Time in Function.fn.__call__: 9.521604e-02s (99.951%)
<% time> <sum %> <apply time> <time per call> <type> <#call> <#apply> <Class name>
36.3% 36.3% 0.034s 3.42e-02s C 1 1 theano.sandbox.cuda.blas.GpuDot22Scalar
35.3% 71.5% 0.033s 8.33e-03s C 4 4 theano.sandbox.cuda.basic_ops.GpuElemwise
20.8% 92.3% 0.020s 4.91e-03s C 4 4 theano.sandbox.cuda.basic_ops.GpuCAReduce
7.6% 100.0% 0.007s 3.61e-03s C 2 2 theano.sandbox.cuda.basic_ops.GpuFromHost
# Now we are talking.
#######
# Turns out reducing the learning rate does nothing but make convergence proportionally slower. Weird.

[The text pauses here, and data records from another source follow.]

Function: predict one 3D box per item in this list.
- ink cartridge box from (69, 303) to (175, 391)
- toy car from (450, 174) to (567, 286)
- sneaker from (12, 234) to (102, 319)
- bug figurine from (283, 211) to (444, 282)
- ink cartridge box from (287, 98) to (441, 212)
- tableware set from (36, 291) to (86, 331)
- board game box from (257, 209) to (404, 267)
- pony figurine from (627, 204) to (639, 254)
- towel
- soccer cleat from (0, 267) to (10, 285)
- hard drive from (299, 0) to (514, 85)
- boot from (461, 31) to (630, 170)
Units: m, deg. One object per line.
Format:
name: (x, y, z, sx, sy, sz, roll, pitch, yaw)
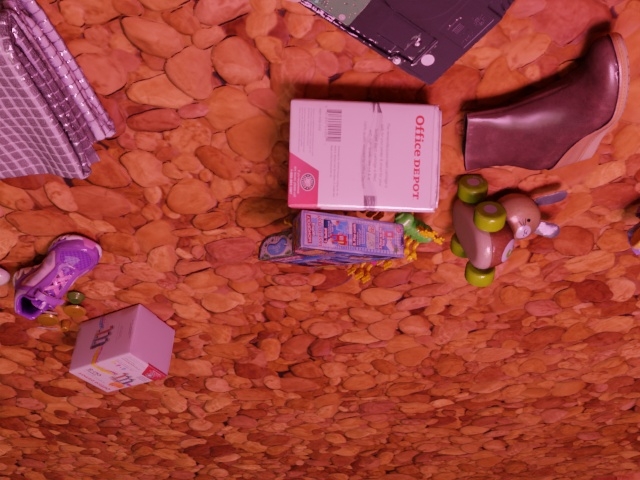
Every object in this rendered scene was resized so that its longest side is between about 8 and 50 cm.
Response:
ink cartridge box: (-0.440, 0.243, 1.486, 0.176, 0.127, 0.128, -18, 139, 22)
toy car: (0.334, -0.027, 1.153, 0.189, 0.148, 0.155, -9, 132, -7)
sneaker: (-0.514, 0.079, 1.291, 0.236, 0.104, 0.095, -33, 129, 25)
bug figurine: (0.081, -0.026, 1.190, 0.216, 0.072, 0.279, 33, 136, -27)
ink cartridge box: (0.063, -0.123, 0.993, 0.218, 0.158, 0.092, 2, -178, -1)
tableware set: (-0.564, 0.151, 1.456, 0.104, 0.024, 0.154, 8, 140, -16)
board game box: (0.000, 0.000, 1.072, 0.194, 0.060, 0.194, -9, 166, 41)
pony figurine: (0.719, 0.013, 1.127, 0.364, 0.302, 0.351, 24, 129, -6)
towel: (-0.460, -0.197, 0.936, 0.235, 0.121, 0.283, -7, 141, 9)
soccer cleat: (-0.718, 0.087, 1.327, 0.197, 0.076, 0.068, -1, 142, 1)
hard drive: (0.083, -0.352, 0.788, 0.339, 0.064, 0.237, 23, 136, -27)
boot: (0.319, -0.187, 0.975, 0.207, 0.090, 0.248, -4, 145, 2)
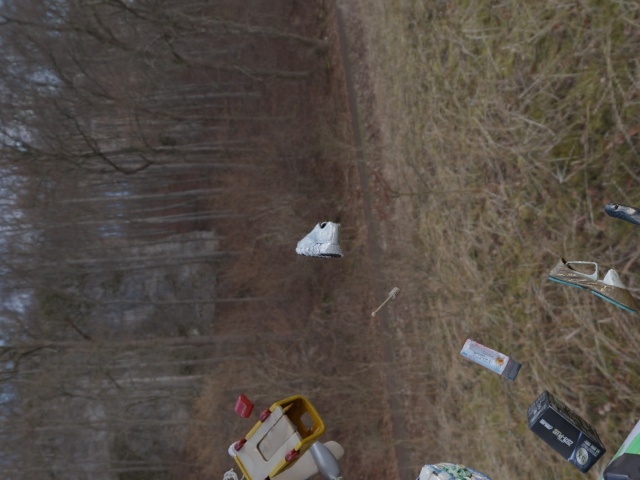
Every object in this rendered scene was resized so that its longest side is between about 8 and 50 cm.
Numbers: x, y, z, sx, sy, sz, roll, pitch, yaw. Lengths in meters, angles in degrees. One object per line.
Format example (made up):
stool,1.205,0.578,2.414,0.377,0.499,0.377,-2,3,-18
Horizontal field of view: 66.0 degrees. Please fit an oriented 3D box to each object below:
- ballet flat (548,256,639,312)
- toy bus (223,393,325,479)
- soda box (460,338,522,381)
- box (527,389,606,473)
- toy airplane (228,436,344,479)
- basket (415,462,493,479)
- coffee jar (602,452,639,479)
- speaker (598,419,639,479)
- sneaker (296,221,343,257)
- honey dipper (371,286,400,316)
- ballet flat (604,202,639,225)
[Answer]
ballet flat,1.052,0.152,1.887,0.343,0.116,0.124,28,102,46
toy bus,-0.080,0.390,0.941,0.104,0.202,0.190,1,-92,-53
soda box,0.512,0.360,1.494,0.058,0.063,0.183,-61,24,-5
box,0.592,0.459,1.203,0.077,0.147,0.180,-54,-19,10
toy airplane,-0.112,0.740,1.492,0.273,0.385,0.385,-29,31,50
basket,0.365,0.664,1.182,0.289,0.255,0.201,43,-109,-38
coffee jar,0.595,0.496,0.907,0.079,0.096,0.184,-25,85,54
speaker,0.664,0.500,1.017,0.296,0.131,0.131,-59,-1,5
sneaker,0.000,0.000,1.688,0.292,0.110,0.118,173,102,-65
honey dipper,0.236,0.224,1.783,0.161,0.031,0.030,-38,-48,-37
ballet flat,1.105,-0.092,1.767,0.049,0.057,0.173,36,-176,-34
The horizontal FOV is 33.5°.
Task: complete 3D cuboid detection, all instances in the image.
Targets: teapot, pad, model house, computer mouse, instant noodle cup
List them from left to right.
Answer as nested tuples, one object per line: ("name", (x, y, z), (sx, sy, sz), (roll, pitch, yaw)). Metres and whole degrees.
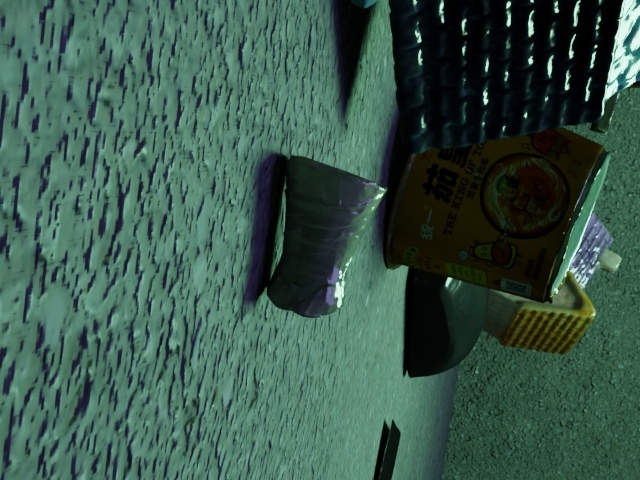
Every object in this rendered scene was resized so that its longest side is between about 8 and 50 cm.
("teapot", (0.000, 0.000, 0.581), (0.067, 0.057, 0.083), (12, 95, -76))
("pad", (0.066, 0.362, 1.335), (0.159, 0.009, 0.265), (67, 35, -71))
("computer mouse", (0.175, 0.075, 1.426), (0.269, 0.100, 0.170), (86, 14, -49))
("model house", (0.104, -0.190, 0.724), (0.241, 0.226, 0.261), (-37, 148, -16))
("instant noodle cup", (0.182, -0.042, 1.073), (0.216, 0.172, 0.216), (-57, 161, -34))
("model house", (0.348, 0.057, 1.744), (0.237, 0.237, 0.202), (-51, 165, -26))

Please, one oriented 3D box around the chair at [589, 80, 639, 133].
("chair", (0.393, -0.366, 1.391), (0.240, 0.203, 0.416), (-140, -114, -84))
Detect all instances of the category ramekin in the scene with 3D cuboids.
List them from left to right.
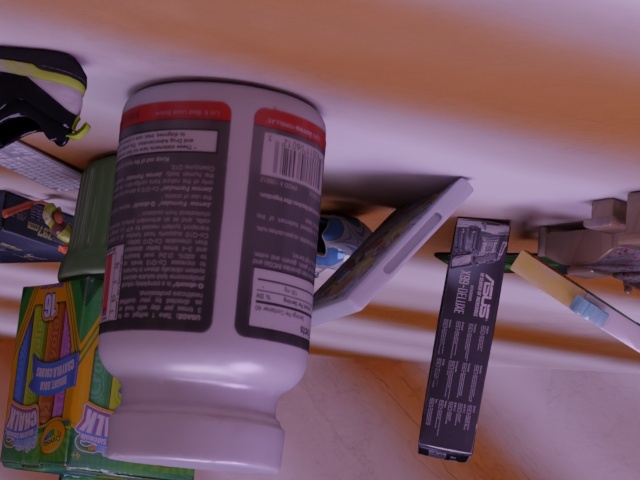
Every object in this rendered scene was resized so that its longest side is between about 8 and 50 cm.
[{"bbox_3d":[-0.162,-0.007,1.879,0.303,0.148,0.303,4,170,1],"label":"ramekin"}]

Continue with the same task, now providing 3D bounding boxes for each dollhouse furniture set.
[{"bbox_3d":[0.378,0.064,1.967,0.303,0.174,0.355,14,166,-38],"label":"dollhouse furniture set"}]

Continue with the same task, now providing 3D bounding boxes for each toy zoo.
[{"bbox_3d":[0.333,0.076,1.967,0.192,0.030,0.293,33,-176,9],"label":"toy zoo"}]

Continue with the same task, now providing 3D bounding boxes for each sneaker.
[{"bbox_3d":[-0.331,-0.128,1.436,0.234,0.097,0.084,3,169,10],"label":"sneaker"},{"bbox_3d":[0.000,0.000,2.081,0.086,0.085,0.237,39,164,-16],"label":"sneaker"}]

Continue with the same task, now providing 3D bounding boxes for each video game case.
[{"bbox_3d":[0.071,0.019,1.857,0.026,0.206,0.227,46,161,-6],"label":"video game case"}]

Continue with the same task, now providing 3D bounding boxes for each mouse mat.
[{"bbox_3d":[0.279,0.036,2.313,0.189,0.007,0.152,1,169,22],"label":"mouse mat"}]

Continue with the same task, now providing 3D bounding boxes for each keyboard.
[{"bbox_3d":[-0.350,-0.093,1.870,0.072,0.014,0.256,1,169,20],"label":"keyboard"}]

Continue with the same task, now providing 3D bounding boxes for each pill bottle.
[{"bbox_3d":[-0.110,0.041,1.526,0.210,0.363,0.210,5,169,1],"label":"pill bottle"}]

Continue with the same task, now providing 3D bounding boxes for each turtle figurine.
[{"bbox_3d":[-0.288,-0.004,2.117,0.217,0.087,0.269,-3,167,36],"label":"turtle figurine"}]

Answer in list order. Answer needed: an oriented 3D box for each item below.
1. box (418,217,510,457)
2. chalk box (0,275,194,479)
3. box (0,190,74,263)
[{"bbox_3d":[0.193,0.141,2.097,0.076,0.307,0.242,10,169,5],"label":"box"},{"bbox_3d":[-0.260,0.203,1.844,0.180,0.289,0.179,12,168,-35],"label":"chalk box"},{"bbox_3d":[-0.459,-0.016,2.206,0.183,0.059,0.232,-2,168,25],"label":"box"}]
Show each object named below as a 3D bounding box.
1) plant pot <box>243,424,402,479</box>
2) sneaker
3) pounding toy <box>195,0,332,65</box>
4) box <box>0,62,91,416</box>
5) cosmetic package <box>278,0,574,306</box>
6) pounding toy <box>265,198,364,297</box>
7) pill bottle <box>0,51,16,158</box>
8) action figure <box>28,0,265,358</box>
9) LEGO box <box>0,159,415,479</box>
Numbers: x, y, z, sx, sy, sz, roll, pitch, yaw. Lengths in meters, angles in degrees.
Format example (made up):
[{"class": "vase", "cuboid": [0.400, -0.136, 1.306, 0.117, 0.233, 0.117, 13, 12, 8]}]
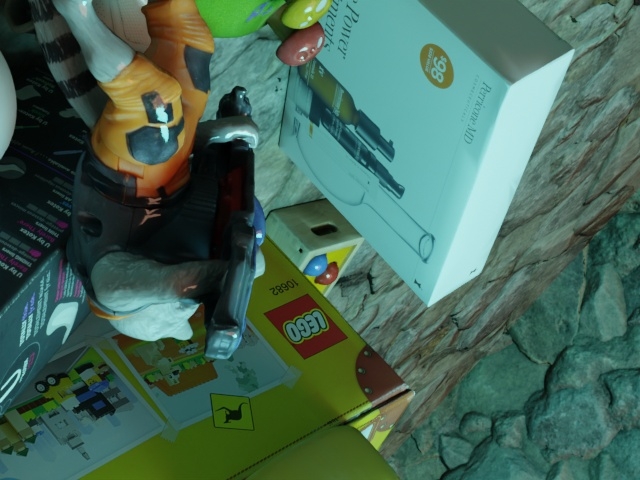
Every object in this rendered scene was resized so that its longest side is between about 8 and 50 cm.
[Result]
[{"class": "plant pot", "cuboid": [0.013, 0.336, 1.072, 0.254, 0.239, 0.254, -36, 157, -18]}, {"class": "sneaker", "cuboid": [-0.191, -0.193, 0.980, 0.121, 0.099, 0.262, -35, 150, -3]}, {"class": "pounding toy", "cuboid": [-0.014, -0.237, 1.077, 0.237, 0.110, 0.183, -39, 178, 17]}, {"class": "box", "cuboid": [-0.262, 0.004, 1.004, 0.270, 0.143, 0.165, -56, 171, -45]}, {"class": "cosmetic package", "cuboid": [0.091, -0.144, 1.279, 0.097, 0.284, 0.377, -32, 155, -27]}, {"class": "pounding toy", "cuboid": [0.008, -0.006, 1.639, 0.181, 0.094, 0.206, -15, 144, -51]}, {"class": "pill bottle", "cuboid": [-0.328, -0.073, 0.771, 0.161, 0.161, 0.283, -54, 174, 24]}, {"class": "action figure", "cuboid": [-0.131, -0.077, 0.917, 0.178, 0.341, 0.330, 0, 116, -3]}, {"class": "LEGO box", "cuboid": [-0.218, 0.159, 1.170, 0.500, 0.372, 0.193, -21, 149, -43]}]
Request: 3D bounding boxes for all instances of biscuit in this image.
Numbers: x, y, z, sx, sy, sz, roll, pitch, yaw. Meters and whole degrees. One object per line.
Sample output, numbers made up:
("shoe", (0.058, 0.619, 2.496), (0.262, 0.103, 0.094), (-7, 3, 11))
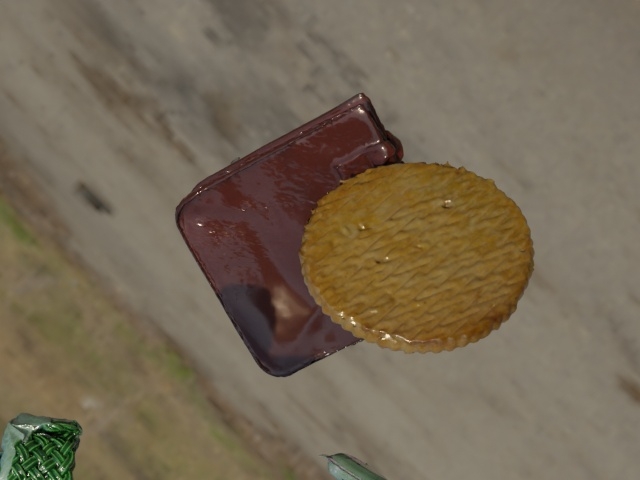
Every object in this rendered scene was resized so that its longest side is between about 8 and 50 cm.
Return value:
("biscuit", (0.103, 0.016, 1.803), (0.254, 0.254, 0.035), (38, 150, 25))

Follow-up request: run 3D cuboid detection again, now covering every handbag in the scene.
("handbag", (0.000, 0.000, 1.970), (0.260, 0.275, 0.084), (59, -163, -6))

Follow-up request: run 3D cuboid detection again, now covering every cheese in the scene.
("cheese", (0.050, 0.233, 1.600), (0.121, 0.026, 0.067), (32, 180, 21))

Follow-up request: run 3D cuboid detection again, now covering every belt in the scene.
("belt", (-0.245, 0.203, 1.380), (0.079, 0.121, 0.151), (12, 138, -11))
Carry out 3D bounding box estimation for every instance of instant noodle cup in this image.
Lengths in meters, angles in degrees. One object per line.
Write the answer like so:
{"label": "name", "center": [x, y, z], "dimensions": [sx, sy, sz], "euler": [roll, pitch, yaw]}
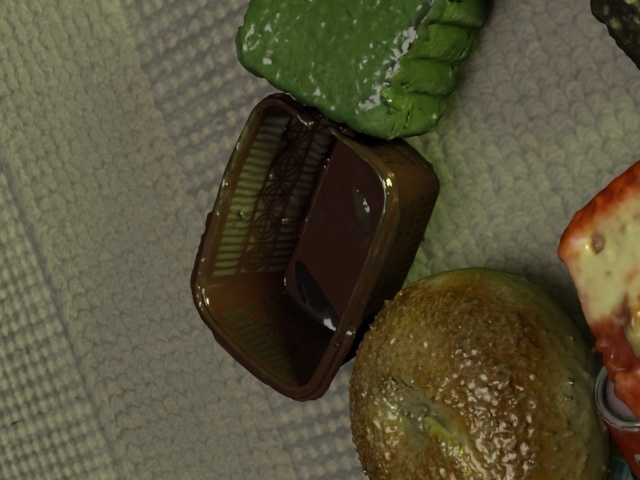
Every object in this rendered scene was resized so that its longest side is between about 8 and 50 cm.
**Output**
{"label": "instant noodle cup", "center": [0.304, 0.157, 1.377], "dimensions": [0.127, 0.135, 0.127], "euler": [-20, 47, 23]}

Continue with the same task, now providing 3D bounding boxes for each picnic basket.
{"label": "picnic basket", "center": [0.000, 0.000, 1.627], "dimensions": [0.222, 0.129, 0.296], "euler": [38, 122, 28]}

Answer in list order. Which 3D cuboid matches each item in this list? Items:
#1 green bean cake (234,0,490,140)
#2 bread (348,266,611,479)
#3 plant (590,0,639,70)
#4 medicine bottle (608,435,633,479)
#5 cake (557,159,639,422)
{"label": "green bean cake", "center": [0.050, -0.230, 1.519], "dimensions": [0.223, 0.125, 0.227], "euler": [33, 113, 30]}
{"label": "bread", "center": [0.138, 0.169, 1.504], "dimensions": [0.306, 0.159, 0.305], "euler": [0, 90, 53]}
{"label": "plant", "center": [0.271, -0.272, 1.314], "dimensions": [0.149, 0.146, 0.274], "euler": [-33, 80, 43]}
{"label": "medicine bottle", "center": [0.354, 0.230, 1.432], "dimensions": [0.218, 0.074, 0.073], "euler": [12, 109, 40]}
{"label": "cake", "center": [0.379, 0.037, 1.229], "dimensions": [0.269, 0.270, 0.319], "euler": [-44, 72, 38]}
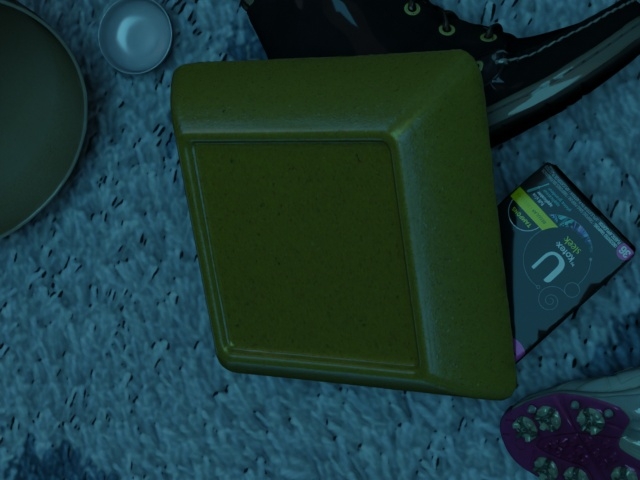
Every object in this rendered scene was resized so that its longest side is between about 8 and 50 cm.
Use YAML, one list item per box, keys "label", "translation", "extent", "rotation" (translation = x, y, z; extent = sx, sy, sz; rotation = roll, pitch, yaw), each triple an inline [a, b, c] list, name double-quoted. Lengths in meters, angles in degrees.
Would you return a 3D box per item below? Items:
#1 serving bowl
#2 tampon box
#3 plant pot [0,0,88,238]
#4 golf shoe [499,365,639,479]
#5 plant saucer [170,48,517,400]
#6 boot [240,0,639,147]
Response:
- label: "serving bowl"
  translation: [-0.191, -0.216, 1.376]
  extent: [0.083, 0.027, 0.083]
  rotation: [0, 91, 15]
- label: "tampon box"
  translation: [0.202, 0.022, 1.243]
  extent: [0.161, 0.101, 0.120]
  rotation: [-45, 81, 11]
- label: "plant pot"
  translation: [-0.406, -0.153, 1.333]
  extent: [0.284, 0.284, 0.191]
  rotation: [-54, 45, 9]
- label: "golf shoe"
  translation: [0.319, 0.162, 1.221]
  extent: [0.306, 0.140, 0.115]
  rotation: [-10, 107, 35]
- label: "plant saucer"
  translation: [0.000, 0.000, 1.213]
  extent: [0.332, 0.081, 0.333]
  rotation: [2, 111, 32]
- label: "boot"
  translation: [0.099, -0.218, 1.250]
  extent: [0.377, 0.138, 0.284]
  rotation: [-26, 85, 22]

# See deepDives/conf11.txt for a bit more detail.
#######
# Playing with leaky relus. They indeed seem to help avoiding burnt out neurons.
# The default 0.01 leakiness seems to be okay, see
# adhoc/spearmint-best-leaky.txt and adhoc/spearmint-best-leaky0.1.txt
#######
# Setting up a new spearmint run. Manual steps:
EXPNAME=regularization_initialSD
# commit this EXPNAME to kohonen/config.json
# set kohonen/generativeMLP.py:setDefaultParams() very-very carefully.
cd ~/spearmintClones/
mkdir $EXPNAME
cd $EXPNAME
git clone [email protected]:danielvarga/daniel-experiments.git
cd daniel-experiments/kohonen
ln -s ~/Spearmint .
mkdir ../rbm/data
ln -s ~/daniel-experiments/rbm/data/mnist.pkl.gz ../rbm/data/
mkdir spearmintOutput
# If not the first try:
Spearmint/spearmint/cleanup.sh .
# Maybe also rm -rf spearmintOutput/* , but careful.
nohup python Spearmint/spearmint/main.py . > spearmintOutput/log.cout 2> spearmintOutput/log.cerr &
# Carefully check output/00000001.out and spearmintOutput/log.cerr .
# Carefully check spearmintOutput/*/conf.txt and spearmintOutput/*/log.txt
# Wait.
# Outcome of experiment:
# Best one was:
# ~/spearmintClones/regularization_initialSD/daniel-experiments/kohonen/spearmintOutput/initialSD0.323230707636-regularization6.16919263619e-07/conf.txt
# that is, initialSD should be ~0.32, regularization should be 6e-07
# which is so low that I round it down to zero.
# (The non-validated improvement coming from this setting compared to its parent adhoc/spearmint-leaky.txt is:
# parent:
# epoch 4800 trainMean 3.556957 trainMedian 3.631534 validationMean 3.892525 validationMedian 3.911150
# this:
# epoch 4800 trainMean 3.614273 trainMedian 3.685415 validationMean 3.877654 validationMedian 3.906008
# Note: nontrivial methodological error, we ask spearmint to optimize for epoch6400, but we look for epoch4800
# values, which is the usual validation minimum.
# The optimum that spearmint has found at epoch6400 is 3.869511
# at initialSD=0.413519 regularization=1e-6
# Now running another one just for inDim inBoolDim at ~/spearmintClones/initials/
#########
# Here I did some experiments with 1d synthetic distributions.
# Bottom line: Right now we can't properly learn even 1d uniform,
# because it gets this weird bathtub shape as seen here:
# https://github.com/danielvarga/daniel-experiments/tree/master/kohonen/docs/charts/1d
#########
# A different game: what's the best distance function between pairs?
# I've always used L2 squared, but the idea is that whenever the distance is large,
# we shouldn't be too aggressive in moving, because we might be moving toward an
# incorrect target anyway.
#
# Thus adhoc/conf8.l1loss.txt
#
# Turns out it's a trade-off. L1-based samples are nicer looking, but seem
# to be worse in approximating either the train or the validation samples.
# They are much less blurry than L2-based samples, which is absolutely to
# be expected, but good to see in practice.